SNAKESUNLIMITED
By Jason Hood
Blackheaded Python Care and Breeding
Caging- Blackheads grow to large destructive creatures in the cage. Branches and other cage decorations need to be well secured. Substrate should account for their burrowing habits and not be abrasive if they choose to burrow. For adults I prefer 6ft Vision cages with 60w-75w heat lights in a 6" dome and a UV bulb. While many people do not think snakes need UV there have been multiple studies that show they certainly use it. For gravid females I add a second heat bulb in a 6" dome to aid in egg development. Babies are housed in shoe box racks and yearlings are moved up to sweater boxes before 4ft visions and finally 6ft vision cages.
Breeding- The actual breeding portion of blackhead reproduction is pretty simple, they are eager and willing to do that part for you for about half the year. The part that seems to make the difference in success is reducing temps. Like with everything on this page, this is just my method and what I find success with. I am a bit odd in that I don't do a formal brumation. I allow nighttime temperature drops into the 50's but during the day the heat lights come back on and I do actually feed though at reduced rates and sizes. The ambient temp in the room is in the mid to high 60's with the cages near the window getting some of the Chicago winter chill. My animals will spend time in the cold even while the heat is on. Another important factor is the size of the females. I don't attempt breeding until the females are 4-5 years old and they are at least 7ft. The other important factor is the female needs to have jumped from the long thin juvi body type to the heavier body type where they are about the size of a one litter soda bottle. The killer for breeding age females is obesity. Fat females do not do well and the eggs do not hatch well.

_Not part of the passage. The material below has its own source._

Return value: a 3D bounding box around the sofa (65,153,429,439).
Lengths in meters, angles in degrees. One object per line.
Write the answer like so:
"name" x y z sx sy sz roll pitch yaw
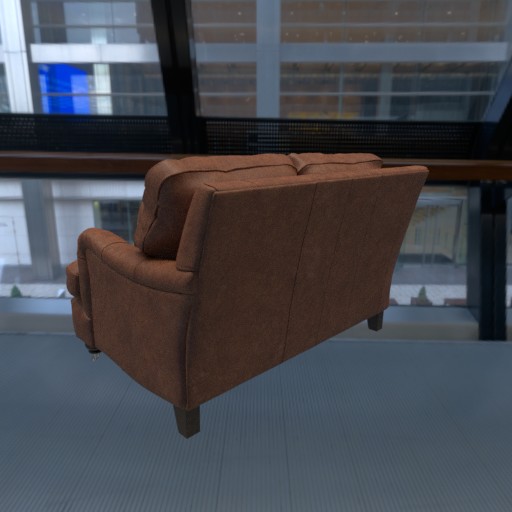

Incubation- Once you get eggs, you will have these giant eggs that are quite fragile. Your number one killer is water, then moisture, and finally humidity. To make it more fun, if they are too dry they will die too. I do not have a humidity gauge in my incubator or egg boxes so I can't give you a number but I can give you a look. You want dry eggs and a dry box that gets a little humidity build up near the bottom. I use medium snap top boxes from rubbermade with an inch and a half to two inches of perlite. I then place deli cups in the perlite as spacers and on top of those I put a light diffuser grating so that the perlite has about a half inch gap between the diffuser panel and the perlite. The eggs go on top of that and I can usually get about 6 eggs per box though some years only 4 will fit. The temp is set at 87.7 with a night drop down to 85. The night drop is probably not needed but I think they would go through that in the wild and it has worked for me for the past few years.
For the next 60 some odd days I go through the daily or every other day chore of checking the eggs. I open the boxes and look for excess humidity and check the eggs to see if they are deflating. If they deflate in the first 2-3 weeks I add extra water to the egg boxes, if the boxes sweat every day I add dry perlite. After day 45 or so I do not worry about deflation of the eggs as long as it is not severe. With the above described method I have hatched near 100% of the eggs.
Babies- Well babies can be a nightmare, I don't let them leave my hands until they have had 5-6 natural feedings. When they first hatch they have huge bellies full of yolk and I don't even try to feed them until the first month has passed. The first feeding and all consecutive attempts are basically the same. I offer a day old quail chick, a fuzzy mouse, a hopper mouse and a rat pink in various places around the cage. After the first two feedings fail (they usually do) I begin assist feeding one of the food items while leaving the rest in the cage. I take the chosen food item and place it in the mouth so that the item is all the way into the back of the throat. I then press the jaws together and pull pack to set the teeth into the item and then I put the snake back in the drawer and close it. All of this takes about 30 seconds. After 4 attempts I give up and leave all food items in until the following day. If the snake eats the assisted item it will sometimes eat one or more other items and that is the sign that you are on your way. At some point the baby will take all offered food items on it's own and you are off to the races because they usually never stop eating at that point. Unfortunately I have never caught them starting to eat so I do not know which item triggers their feeding so I still offer all items. I have noticed that day old quail are easier to assist feed and the babies seem more likely to take them than anything else. If you find some trick I would be happy to try it. Tease and live feeding as well as scenting with various prey items has not worked for me so far but I am always trying new things.